Post  Admin on Sun Jun 03, 2012 3:08 am

Another fatal bite by a rattlesnake in a West Virginia church ritual has led Senate President Jeffrey Kessler to call for the Legislature to outlaw the practice of handling venomous serpents in worship services.

But some others serving in the Legislature feel this would intrude on one’s constitutional guarantee to practice religion without government interference.

Mark Randall “Mack” Wolford, pastor of the Apostolic House of the Lord Jesus in Matoaka, recently succumbed to a fatal bite by a timber rattler in a service at Panther State Forest.

Snake handlers are nothing new to the southern Appalachian hollows, and many have died over the years while handling reptiles, based on their interpretation of one of the four gospels, specifically Mark 16:17-18, which states:

“And these signs shall follow them that believe; in my name shall they cast out devils; they shall speak with new tongues: they shall take up serpents, and if they drink any deadly thing, it shall not hurt them; they shall lay hands on the sick, and they shall recover.”

In Kessler’s estimation, there is no doubt the Legislature should consider outlawing the “unregulated use of poisonous, dangerous and wild animals in any public venue, including a place of worship.”

“As this unfortunate preacher tragically discovered, he was playing ‘Russian Roulette’ with an extremely venomous reptile,” the Senate president said.

“The snake was inevitably going to attack, injure or kill him and perhaps other individuals who may have unwittingly been in attendance at the purported service.”

Kessler, D-Marshall, suggested it proves that the Legislature needs to take a second look at the exotic animals bill that would have regulated the ownership of dangerous members of the Wild Kingdom.

Some of his colleagues at the Capitol don’t share Kessler’s views on barring snake handling in a church venue.

“I don’t believe so,” House Judiciary Chairman Tim Miley, D-Harrison, said in an informal poll by The Register-Herald.

“The government can, and should, only go so far in protecting people from themselves.

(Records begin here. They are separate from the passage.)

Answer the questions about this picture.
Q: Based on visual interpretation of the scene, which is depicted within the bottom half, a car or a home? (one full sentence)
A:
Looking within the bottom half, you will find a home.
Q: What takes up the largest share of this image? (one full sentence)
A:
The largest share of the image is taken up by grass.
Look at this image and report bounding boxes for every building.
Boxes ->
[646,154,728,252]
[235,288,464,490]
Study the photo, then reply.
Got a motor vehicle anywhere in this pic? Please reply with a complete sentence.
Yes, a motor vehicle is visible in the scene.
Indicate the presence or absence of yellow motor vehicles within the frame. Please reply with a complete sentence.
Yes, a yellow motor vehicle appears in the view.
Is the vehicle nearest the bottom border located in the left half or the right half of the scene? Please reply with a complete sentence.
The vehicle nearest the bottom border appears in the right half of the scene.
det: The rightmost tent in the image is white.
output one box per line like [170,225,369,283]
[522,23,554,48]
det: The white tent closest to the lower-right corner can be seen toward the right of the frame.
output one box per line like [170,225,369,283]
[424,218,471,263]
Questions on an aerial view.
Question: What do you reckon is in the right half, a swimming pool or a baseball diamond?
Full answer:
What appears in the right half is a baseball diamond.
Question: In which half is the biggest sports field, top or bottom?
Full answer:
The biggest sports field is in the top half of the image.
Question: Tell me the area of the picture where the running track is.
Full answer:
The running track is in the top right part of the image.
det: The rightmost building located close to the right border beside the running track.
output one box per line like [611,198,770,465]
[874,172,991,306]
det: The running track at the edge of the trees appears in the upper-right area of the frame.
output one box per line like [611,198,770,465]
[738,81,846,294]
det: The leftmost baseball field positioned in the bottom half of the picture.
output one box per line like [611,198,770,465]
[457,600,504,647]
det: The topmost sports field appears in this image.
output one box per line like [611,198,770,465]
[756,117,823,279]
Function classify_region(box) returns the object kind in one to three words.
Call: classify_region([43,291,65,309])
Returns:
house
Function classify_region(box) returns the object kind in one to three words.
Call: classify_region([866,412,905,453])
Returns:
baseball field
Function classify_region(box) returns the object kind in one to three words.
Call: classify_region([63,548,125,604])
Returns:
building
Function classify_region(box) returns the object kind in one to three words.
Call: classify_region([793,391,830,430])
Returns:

You would think at some point common sense and prudence would prevail.”

Delegate Rick Snuffer, R-Raleigh, himself an ordained minister and former pastor, says the practice of using snakes as a proof of faith is based on “a misunderstanding” of Jesus’ words in the gospel of Mark.

“Jesus was talking about the type of situation when the Apostle Paul accidentally encountered a snake when he was bitten by the viper in Acts 28:1-6,” the delegate said.

“I believe people who practice snake handling as part of their worship are sincere; they are just sincerely wrong in their interpretation of this (Mark) passage. I believe the Bible literally, but each Scripture must be interpreted in light of other Scriptures. It’s true the Bible says God will give His angels charge over us so we won’t dash our foot against a stone, but just like Jesus told Satan, it would have been ‘tempting God’ for Him to have jumped from the roof of the temple and expect the angels to catch Him.”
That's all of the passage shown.